I'd also argue that how people fit in is important. If you don't care about
fit when you hire, you end up with a company of individuals instead of a team.

I do agree that the best interview is one where the candidate actually does
the type of work that is to be expected of him/her.

------
comatose_kid
Depends.

For co-founders, you shouldn't even have to interview. Find the best people
that you have worked with before in school, or on the job. You can then be
assured of their creative and intellectual abilities, as well understanding
how you'll work together as a team.

For other positions, you're obviously going to want to look for smart people,
but a key thing for a small startup is to look for smart people who can do
many different things well.

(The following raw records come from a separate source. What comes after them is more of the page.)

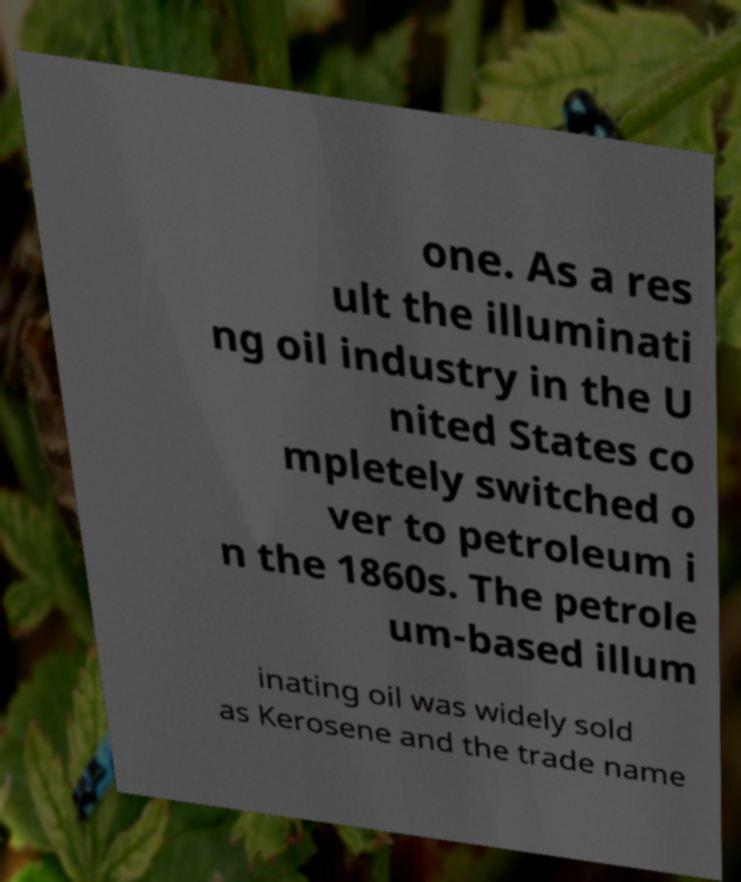Could you extract and type out the text from this image? one. As a res ult the illuminati ng oil industry in the U nited States co mpletely switched o ver to petroleum i n the 1860s. The petrole um-based illum inating oil was widely sold as Kerosene and the trade name 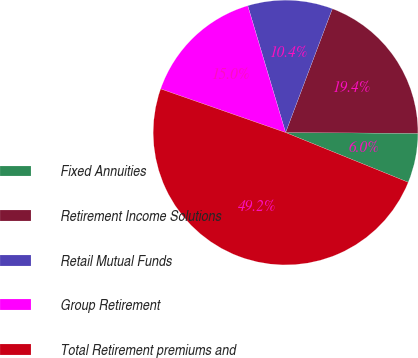Convert chart to OTSL. <chart><loc_0><loc_0><loc_500><loc_500><pie_chart><fcel>Fixed Annuities<fcel>Retirement Income Solutions<fcel>Retail Mutual Funds<fcel>Group Retirement<fcel>Total Retirement premiums and<nl><fcel>6.04%<fcel>19.35%<fcel>10.36%<fcel>15.04%<fcel>49.21%<nl></chart> 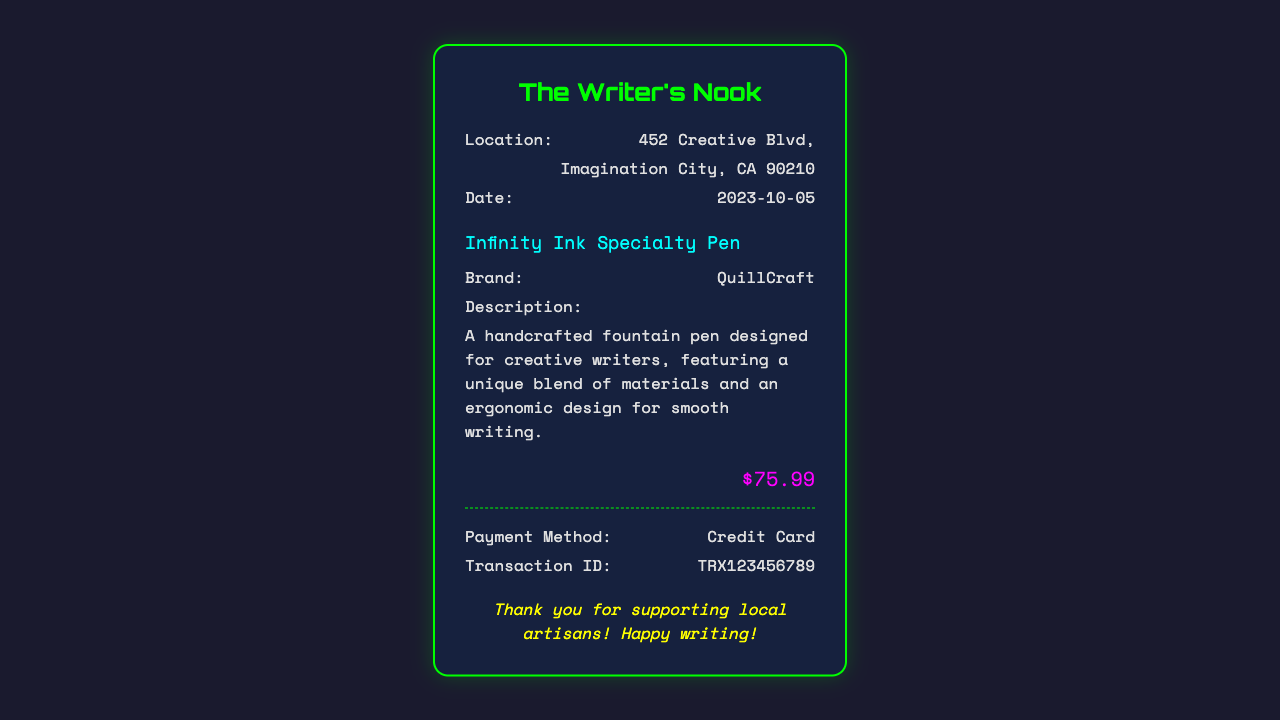What is the store name? The store's name is displayed prominently at the top of the receipt.
Answer: The Writer's Nook What is the item purchased? The specific item is mentioned just before the details section in the receipt.
Answer: Infinity Ink Specialty Pen What is the price of the pen? The price is provided in a larger font size and highlighted at the bottom of the receipt.
Answer: $75.99 Where is the store located? The location details are printed within the receipt under the store name.
Answer: 452 Creative Blvd, Imagination City, CA 90210 What brand is the pen? The brand name is listed under the item details on the receipt.
Answer: QuillCraft When was the purchase made? The date of the purchase is specified in the detail section of the receipt.
Answer: 2023-10-05 What was the payment method? The method used for payment is displayed at the bottom of the receipt.
Answer: Credit Card What is the transaction ID? The unique identifier for the transaction is included in the financial details section.
Answer: TRX123456789 What is the description of the pen? The description provides insight about the pen's features and is found in the details section.
Answer: A handcrafted fountain pen designed for creative writers, featuring a unique blend of materials and an ergonomic design for smooth writing 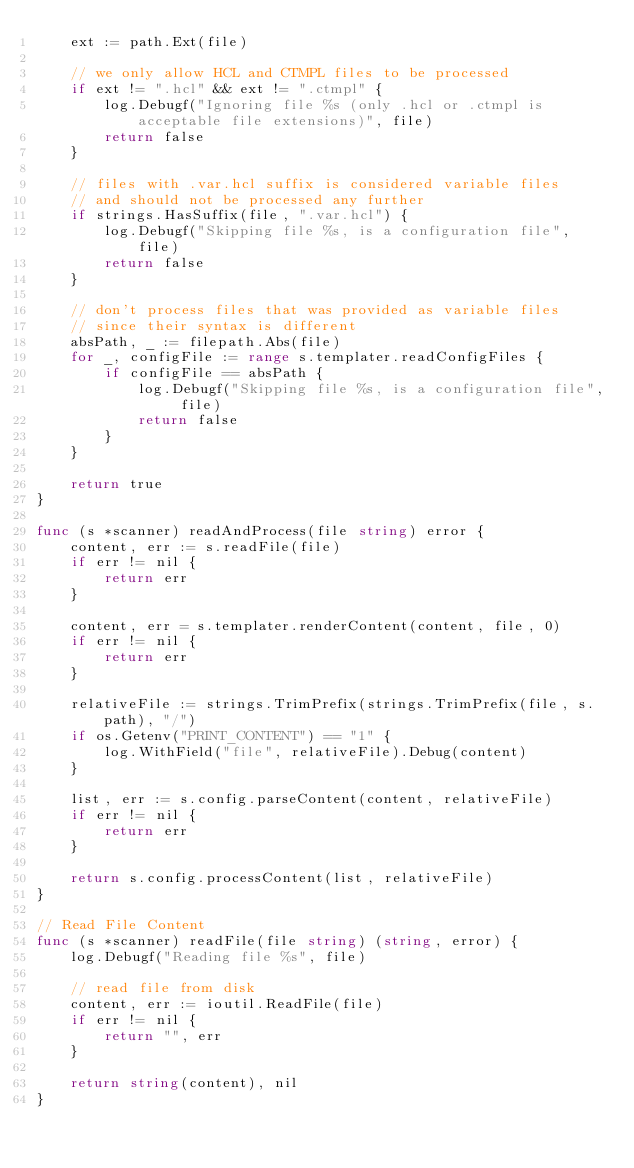Convert code to text. <code><loc_0><loc_0><loc_500><loc_500><_Go_>	ext := path.Ext(file)

	// we only allow HCL and CTMPL files to be processed
	if ext != ".hcl" && ext != ".ctmpl" {
		log.Debugf("Ignoring file %s (only .hcl or .ctmpl is acceptable file extensions)", file)
		return false
	}

	// files with .var.hcl suffix is considered variable files
	// and should not be processed any further
	if strings.HasSuffix(file, ".var.hcl") {
		log.Debugf("Skipping file %s, is a configuration file", file)
		return false
	}

	// don't process files that was provided as variable files
	// since their syntax is different
	absPath, _ := filepath.Abs(file)
	for _, configFile := range s.templater.readConfigFiles {
		if configFile == absPath {
			log.Debugf("Skipping file %s, is a configuration file", file)
			return false
		}
	}

	return true
}

func (s *scanner) readAndProcess(file string) error {
	content, err := s.readFile(file)
	if err != nil {
		return err
	}

	content, err = s.templater.renderContent(content, file, 0)
	if err != nil {
		return err
	}

	relativeFile := strings.TrimPrefix(strings.TrimPrefix(file, s.path), "/")
	if os.Getenv("PRINT_CONTENT") == "1" {
		log.WithField("file", relativeFile).Debug(content)
	}

	list, err := s.config.parseContent(content, relativeFile)
	if err != nil {
		return err
	}

	return s.config.processContent(list, relativeFile)
}

// Read File Content
func (s *scanner) readFile(file string) (string, error) {
	log.Debugf("Reading file %s", file)

	// read file from disk
	content, err := ioutil.ReadFile(file)
	if err != nil {
		return "", err
	}

	return string(content), nil
}
</code>

For example, I'd be more inclined to choose a s/w
eng who has done well designing a web app, and has designed embedded software
for a consumer electronics device than an eng who has worked only on web apps
for their entire career.

As for the second part of your question, I'd agree with e1ven - neither type
of question is key, although they do help establish technical ability &
creativity.

But my experience diverges from e1vens' in at least one respect - you don't
need to choose between problem solvers and cogs (at least as he has defined
them). I have worked with people who can give you tons of detail on specific
technical areas, but can also come up with great solutions outside of their
technical domains or pick up language X really quickly. It's rare, but people
that have both qualities certainly exist.

------
jkush
I would ask them real problems that I was currently struggling with and see
how they responded. Seeing how they work through it and how compatible their
solution would be with my own thinking would be invaluable imo.

------
budu3
Both, plus I would make sure they fit into the culture of my startup. Trust me
you do not want to be stuck with a bad apple at such a fragile stage.